Protest set for opening of ‘racist’ Barbican exhibition tonight
PUBLISHED: 12:04 23 September 2014 | UPDATED: 12:04 23 September 2014
Nearly 23,000 have signed online petition to have Exhibit B cancelled
Protesters will form a picket line to show their anger at a Barbican Exhibition labelled “racist” by campaigners.
Nearly 23,000 people have signed an online petition to stop Brett Bailey’s Exhibit B: Third World Bunfight, which is set to open tonight at The Vaults on the Southbank.
The work, which depicts 19th century human zoos using real life black actors in chains and cages, was recently shown at the Edinburgh Fringe Festival and received five-star reviews from both the Guardian and the Evening Standard – the former calling it “both unbearable and essential”.

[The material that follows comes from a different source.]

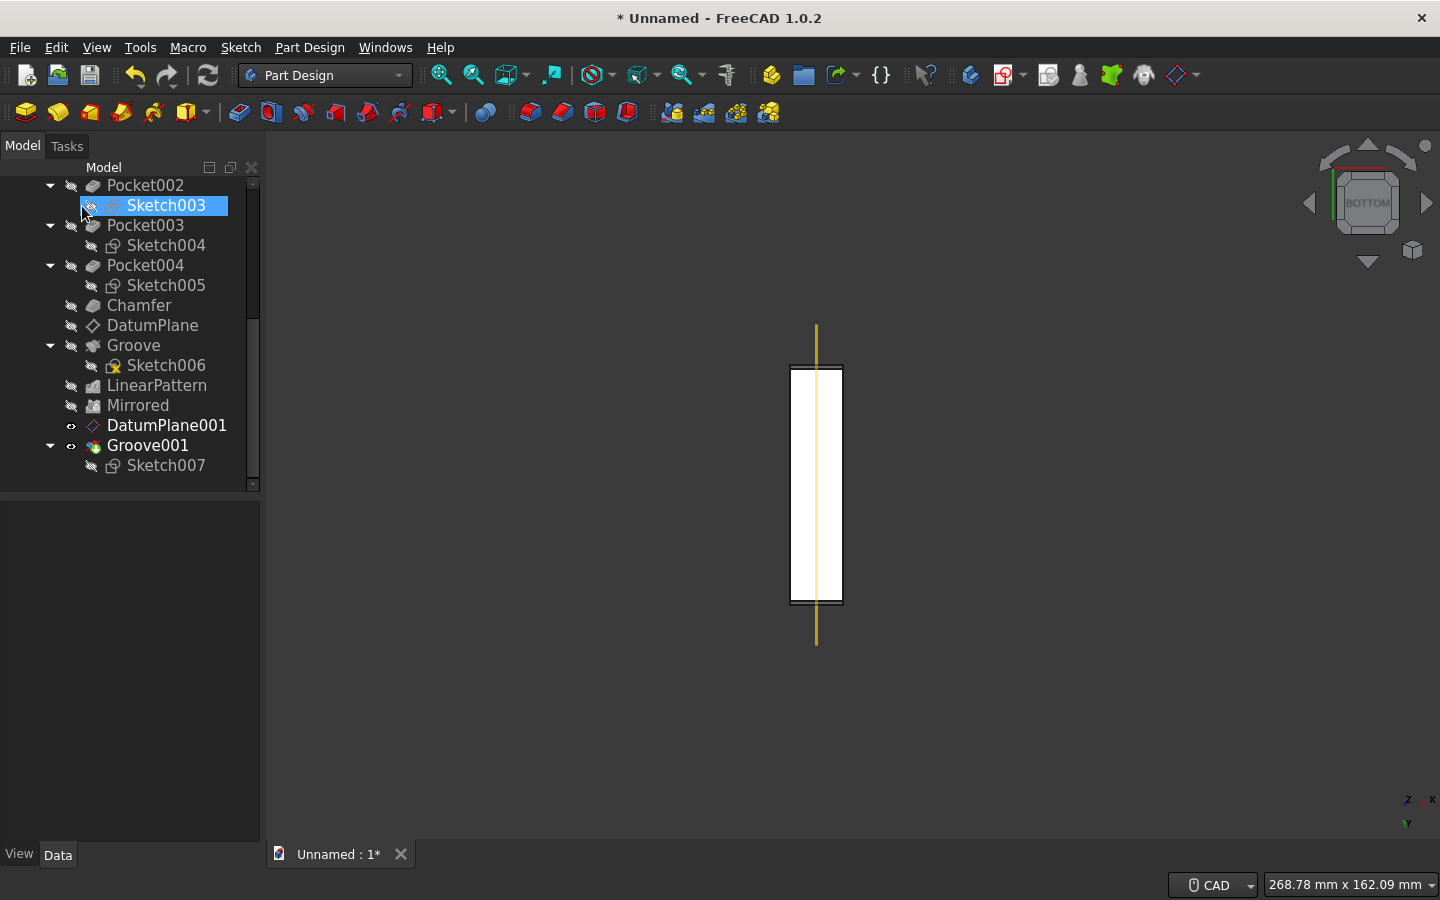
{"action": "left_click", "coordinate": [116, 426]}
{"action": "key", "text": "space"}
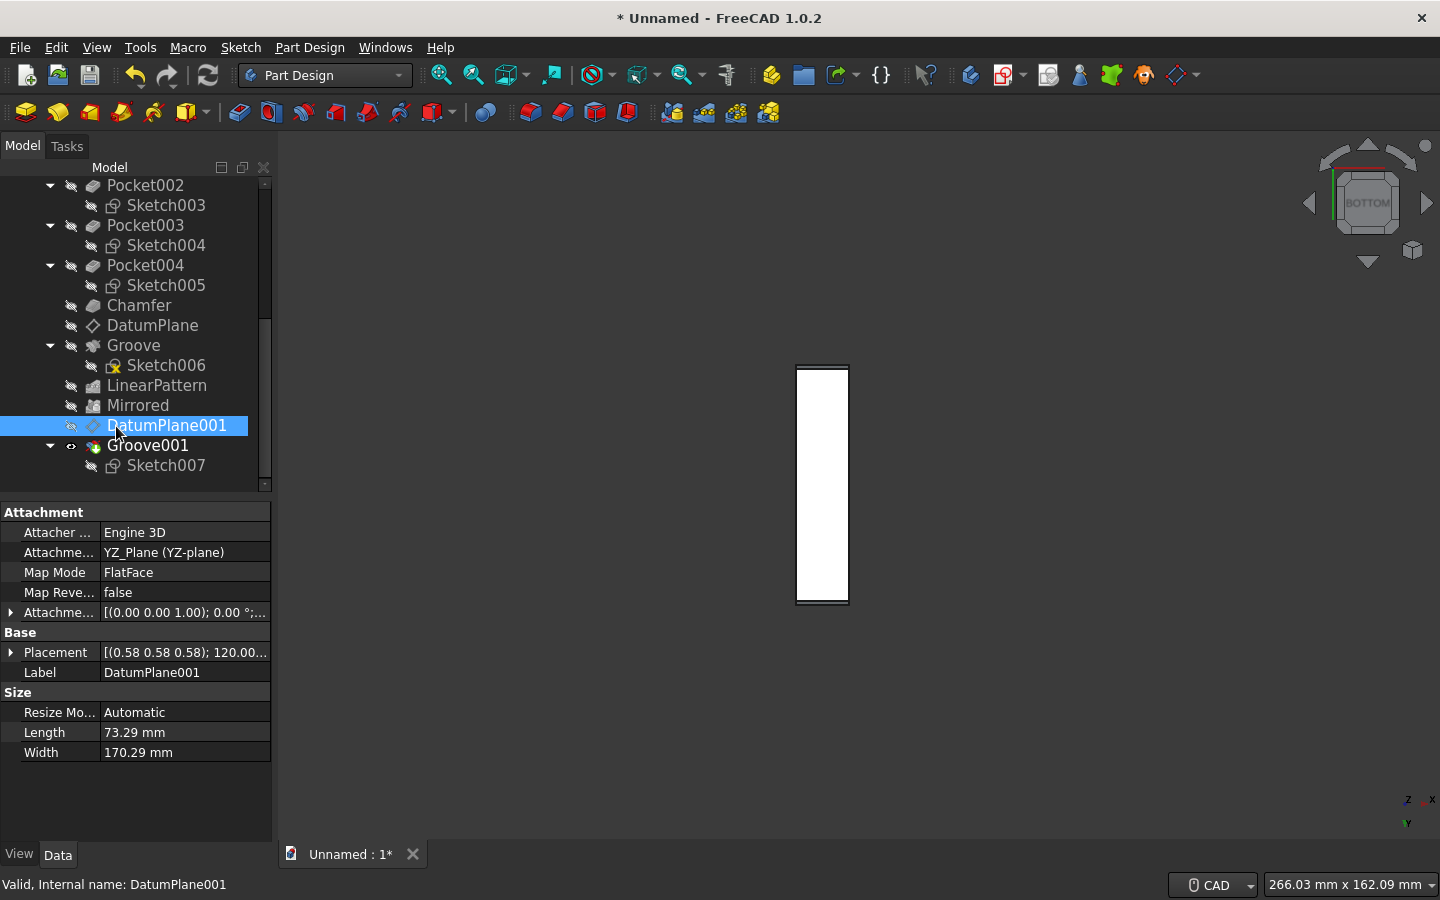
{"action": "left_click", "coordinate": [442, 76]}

It’s creator, who grew up in Apartheid South Africa, says the exhibition demonstrates the “brutal reality behind colonisation” and is “not a piece about black histories made for white audiences.”
But anti-racism groups, celebrities and politicians have called it “highly offensive, insulting and racist” and asked for it to be removed – planning protest for each of the four nights it is set to run.
Sara Myers, a journalist and activist who started the petition, said: “It’s offensive, it’s like our narrative is always being told from the perspective of being enslaved or being in servitude when there’s so much more to African history than just slavery.
“It’s actually quite rude in 2014 that an institute like the Barbican thinks that putting black people in cages is challenging art and that it’s important work for London.”
Despite the petition, letters from politicians such as Labour’s Lord Boateng and a number of protests, The Barbican is still set to open the sold-out exhibition tonight.
A public discussion was held at the Theatre Royal in Stratford last night but those who have paid £20 for a 40 minute tour of the “zoo” will still have to negotiate crowds of protestors when it opens tonight.
A spokesman for the Barbican said: “We appreciate that Exhibit B is a work that tackles controversial and sensitive issues and we recognise the strength of feeling about the Barbican’s decision to programme the piece.
“We have met with representatives from the various groups behind the petition and took part in a public discussion on the issues raised by Exhibit B last night.
“We believe Exhibit B is a serious and important piece of work which aims to expose the abhorrent historical attitudes to race during the colonial era and to question how far society has moved on by tackling contemporary issues such as segregation during the apartheid period in South Africa and the ongoing treatment of immigrants and asylum seekers.
“The reception for the piece, in the 12 previous venues to which it has toured, from participants, audiences and critics alike has been overwhelmingly positive”.